Liberman et al. (1967) recognized that listener judgments were still consistent. What then allowed for the various acoustic patterns to be realized as the same consonant? They proposed the motor theory of speech perception, hypothesizing that what provided the stability in the variable acoustic input was the production of the sounds or the articulatory gestures giving rise to them (for reviews see Galantucci, Fowler, & Turvey, 2006; Liberman et al., 1967; Fowler, 1986; Fowler, Shankweiler, & Studdert‐Kennedy, 2016). In this view, despite their acoustic variability, constant articulatory gestures provided phonetic category stability – [p] and [b] are both produced with the stop closure at the lips, [t] and [d] with the stop closure at the alveolar ridge, and [k] and [g] are produced with the closure at the velum.

It is worth noting, that even the motor theory fails to provide the nature of the mapping from the variable acoustic input to a particular articulatory gesture. That is, it is not specified what it is in the acoustic signal that allows for the transformation of the input to a particular motor pattern. In this sense, the motor theory of speech perception did not solve the invariance problem. That said, there are many proponents of the motor (gesture) theory of speech perception (see Fowler, Shankweiler, & Studdert‐Kennedy, 2016, for a review), and recently evidence from cognitive neuroscience has been used to provide support (see D’Ausilio, Craighero, & Fadiga, 2012 for a review). In particular, it has been shown in a number of studies that the perception of speech not only activates auditory areas of the brain (temporal structures) but also, under some circumstances, activates motor areas involved in speech production. For example, using fMRI, activation has been shown in motor areas during passive listening to syllables, areas activated in producing these syllables (Wilson et al., 2004), and greater activation has been shown in these areas for nonnative speech sounds compared to native speech sounds (Wilson & Iacoboni, 2006). Transmagnetic stimulation (TMS) studies showed a change in the perception of labial stimuli near the phonetic boundary of a labial–alveolar continuum after stimulation of motor areas involving the lips; no perceptual changes occurred for continua not involving labial stimuli, for example, alveolar–velar continua (Mottonen & Watkins, 2009; Fadiga et al., 2002). Nonetheless, activation of motor areas during speech perception in both the fMRI and TMS studies appears to occur under challenging listening conditions such as when the acoustic stimuli are of poor quality, for example, when sounds are not easily mapped to a native‐language inventory or during the perception of boundary stimuli, but not when the stimuli are good exemplars. These findings raise the possibility that frontal areas are recruited when additional neural resources are necessary, and thus are not core areas recruited in the perception of speech (see Schomers & Pulvermüller, 2016, for a contrasting view).
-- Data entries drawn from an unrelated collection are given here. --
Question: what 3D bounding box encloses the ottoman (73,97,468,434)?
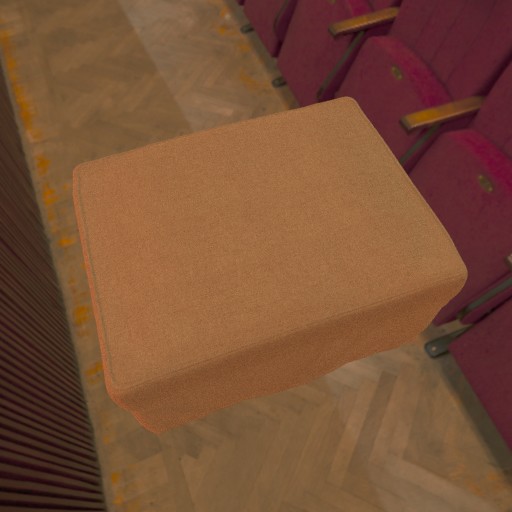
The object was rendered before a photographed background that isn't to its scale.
[{"bbox_3d":[0.000,0.000,1.233,0.833,0.485,0.650,-17,60,-10],"label":"ottoman"}]
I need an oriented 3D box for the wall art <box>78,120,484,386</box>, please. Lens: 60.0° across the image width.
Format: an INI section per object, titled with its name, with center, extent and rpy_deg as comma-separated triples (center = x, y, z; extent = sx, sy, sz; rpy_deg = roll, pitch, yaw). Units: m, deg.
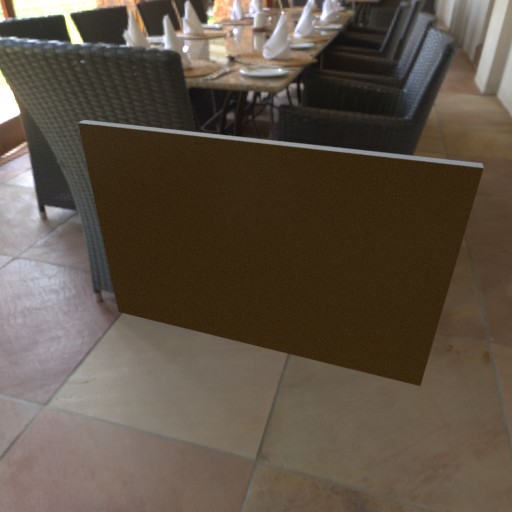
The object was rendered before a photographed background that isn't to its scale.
[wall art]
center = 0.000, 0.000, 1.151
extent = 0.932, 0.610, 0.027
rpy_deg = 11, 34, 16
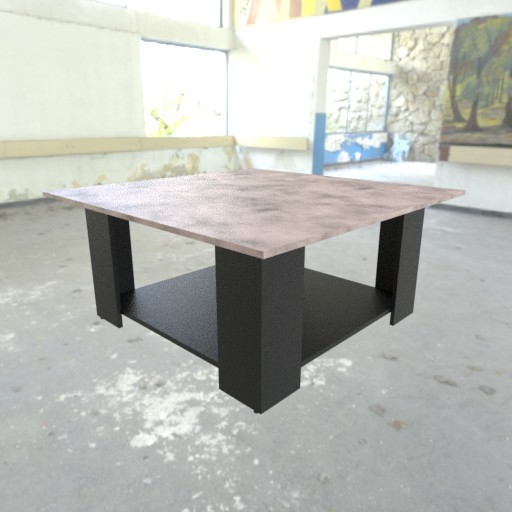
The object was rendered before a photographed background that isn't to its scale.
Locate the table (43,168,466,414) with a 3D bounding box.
[{"bbox_3d":[0.000,0.000,1.036,0.670,0.305,0.670,16,23,41],"label":"table"}]
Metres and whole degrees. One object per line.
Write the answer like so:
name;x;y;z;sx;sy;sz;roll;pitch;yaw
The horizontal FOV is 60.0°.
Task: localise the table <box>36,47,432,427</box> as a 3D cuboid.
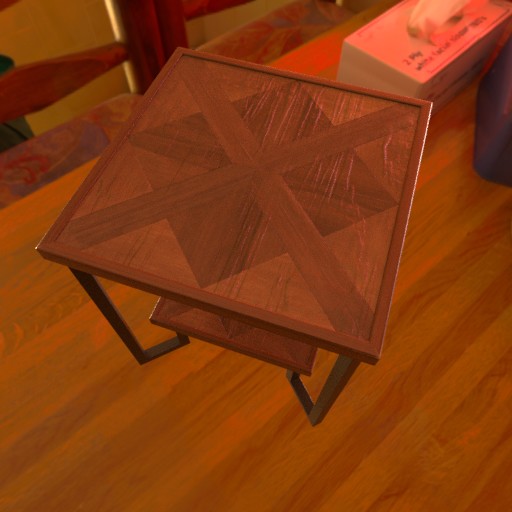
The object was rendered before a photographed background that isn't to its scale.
table;0.000;0.000;0.960;0.503;0.563;0.503;16;60;10
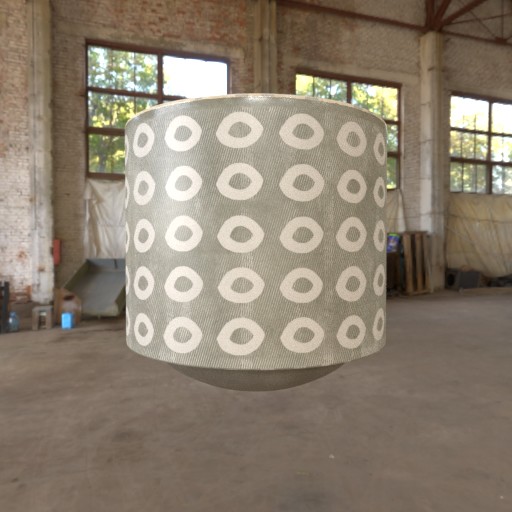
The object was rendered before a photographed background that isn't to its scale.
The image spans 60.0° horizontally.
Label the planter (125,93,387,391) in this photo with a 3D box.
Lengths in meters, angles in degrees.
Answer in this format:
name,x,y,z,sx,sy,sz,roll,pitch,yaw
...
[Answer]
name,x,y,z,sx,sy,sz,roll,pitch,yaw
planter,0.000,0.000,0.444,0.250,0.239,0.250,0,1,0
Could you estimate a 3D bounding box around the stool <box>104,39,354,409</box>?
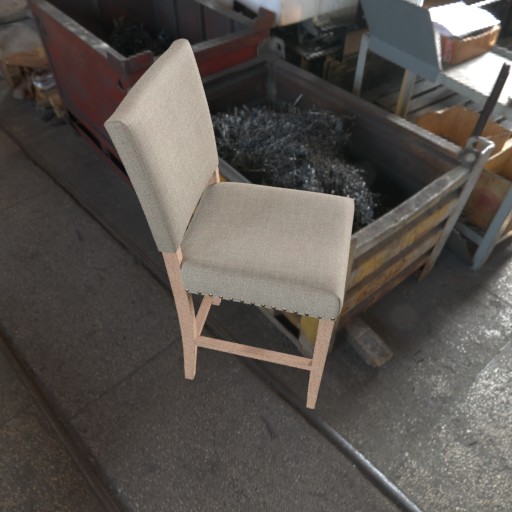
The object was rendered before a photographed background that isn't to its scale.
[{"bbox_3d":[0.000,0.000,1.459,0.585,1.173,0.445,10,49,9],"label":"stool"}]
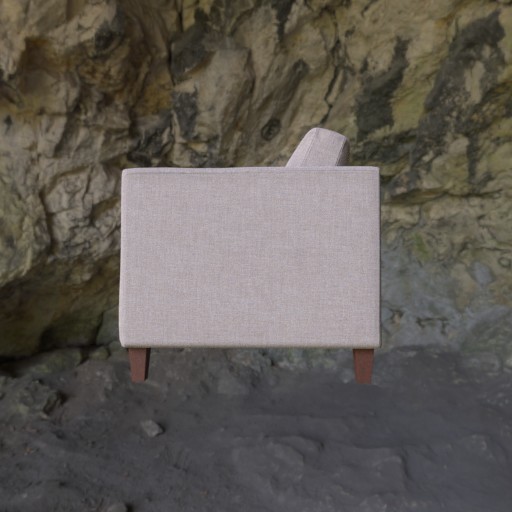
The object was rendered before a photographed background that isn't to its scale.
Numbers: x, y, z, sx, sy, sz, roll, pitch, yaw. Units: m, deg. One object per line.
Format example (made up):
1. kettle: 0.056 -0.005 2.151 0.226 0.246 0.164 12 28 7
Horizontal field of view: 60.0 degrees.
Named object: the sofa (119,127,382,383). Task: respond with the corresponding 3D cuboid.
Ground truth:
1. sofa: 0.000 0.000 2.468 0.951 0.947 1.884 0 -1 2
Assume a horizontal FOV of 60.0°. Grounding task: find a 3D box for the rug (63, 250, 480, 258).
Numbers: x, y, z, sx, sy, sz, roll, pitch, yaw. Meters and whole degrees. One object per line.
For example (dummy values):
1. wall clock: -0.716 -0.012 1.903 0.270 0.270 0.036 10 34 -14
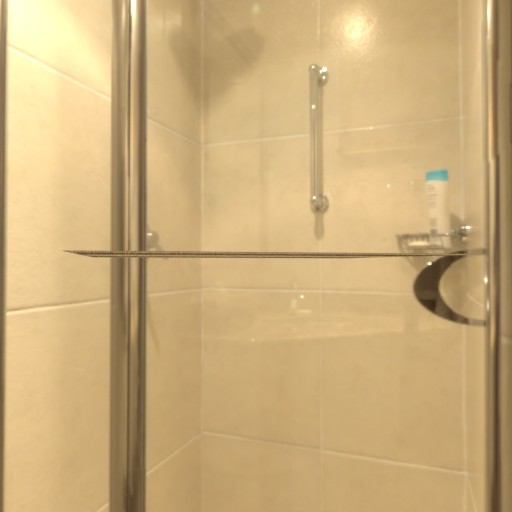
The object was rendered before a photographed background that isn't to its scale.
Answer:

It would not be surprising to see activation of motor areas during the perception of speech, as listeners are also speakers, and speakers perceive the acoustic realization of their productions. That there is a neural circuit bridging temporal and motor areas then would be expected (see Hickok & Poeppel, 2007). However, what needs to be shown in support of the motor (gesture) theory of speech is that the patterns of speech‐perception representations are motoric or gestural. It is, of course, possible that there are gestural as well as acoustic representations corresponding to the features of speech. However, at the minimum, to support the motor theory of speech, gestures need to be identified that provide a perceptual standard for mapping from auditory input to phonetic feature. As we will see shortly, the evidence to date does not support such a view (for a broad discussion challenging the motor theory of speech perception see Lotto, Hickok, & Holt, 2009).